ACTION ITEM: Each line from the one containing "Any 2D box is x1, y1, x2, y2 in pixels." through the last line of the records is to be repeated exactly, with all pictures left out.

EXERCISE DATA:

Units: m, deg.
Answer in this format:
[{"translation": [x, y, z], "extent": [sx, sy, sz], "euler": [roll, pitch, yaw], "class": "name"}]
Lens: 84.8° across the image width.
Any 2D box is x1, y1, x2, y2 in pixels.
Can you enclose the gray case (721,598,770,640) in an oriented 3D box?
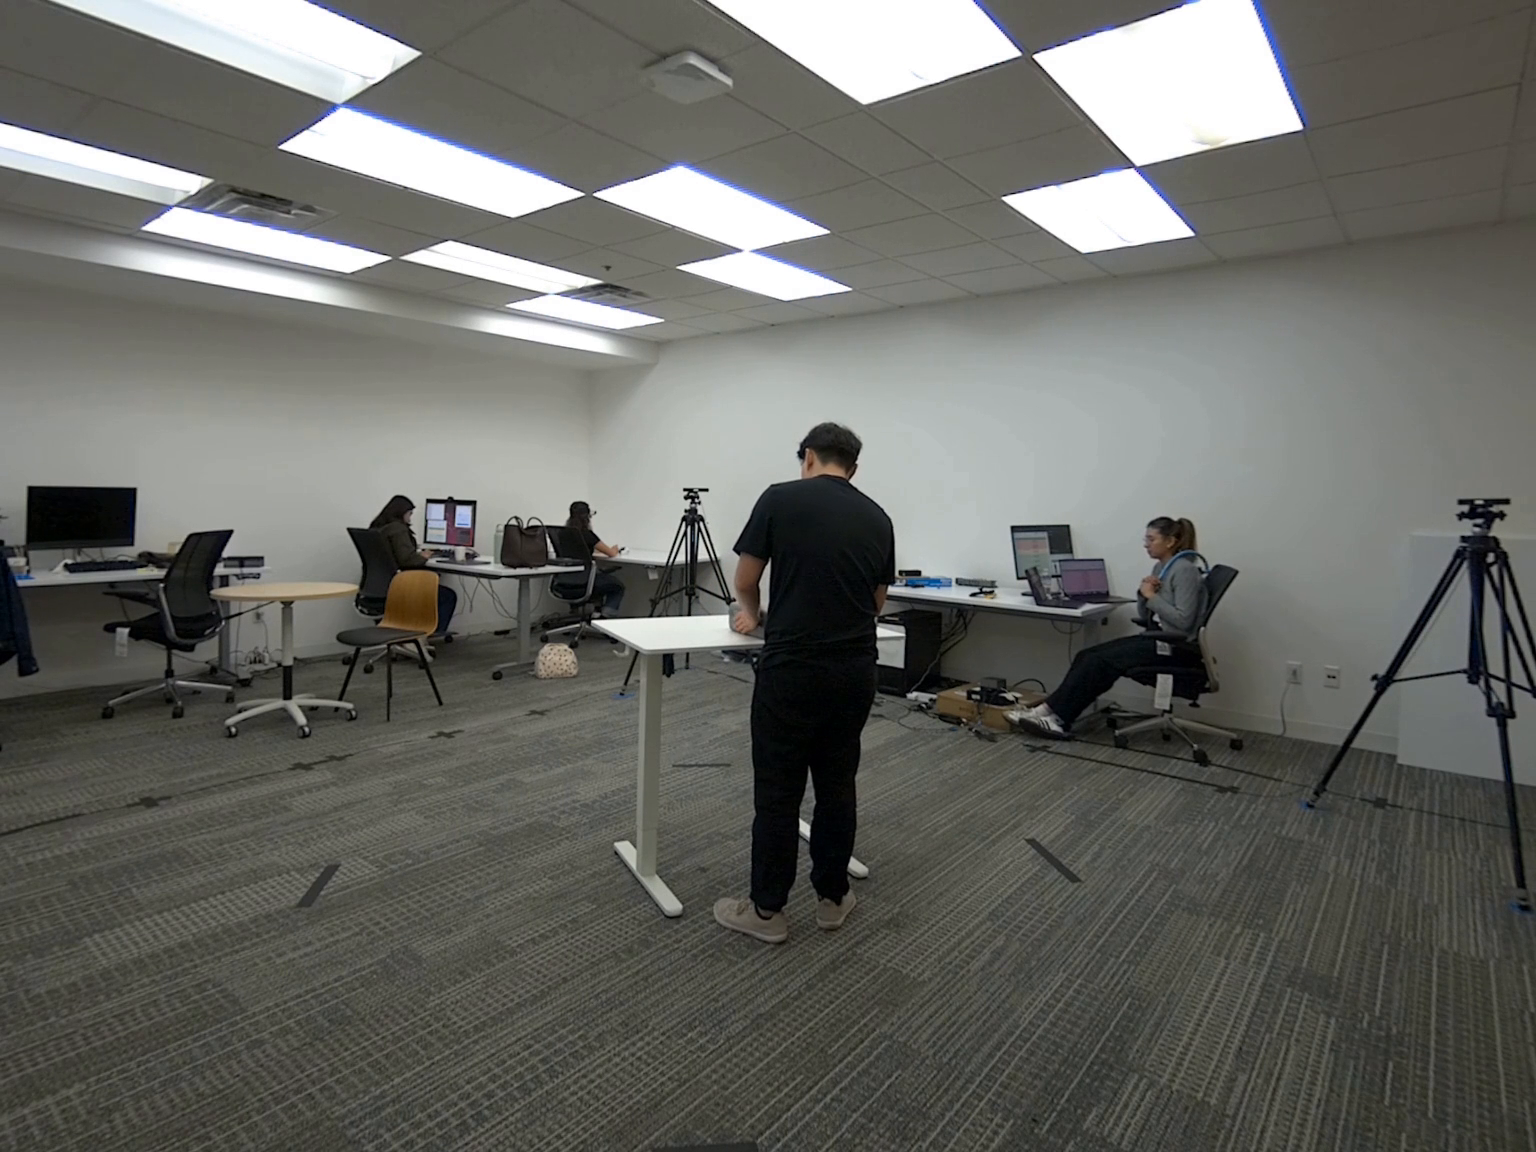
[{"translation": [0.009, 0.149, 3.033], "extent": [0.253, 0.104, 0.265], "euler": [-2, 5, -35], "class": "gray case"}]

SOLUTION FOR THIS PROBLEM:
Any 2D box is x1, y1, x2, y2 in pixels.
Can you enclose the gray case (721,598,770,640) in an oriented 3D box?
[{"translation": [0.009, 0.149, 3.033], "extent": [0.253, 0.104, 0.265], "euler": [-2, 5, -35], "class": "gray case"}]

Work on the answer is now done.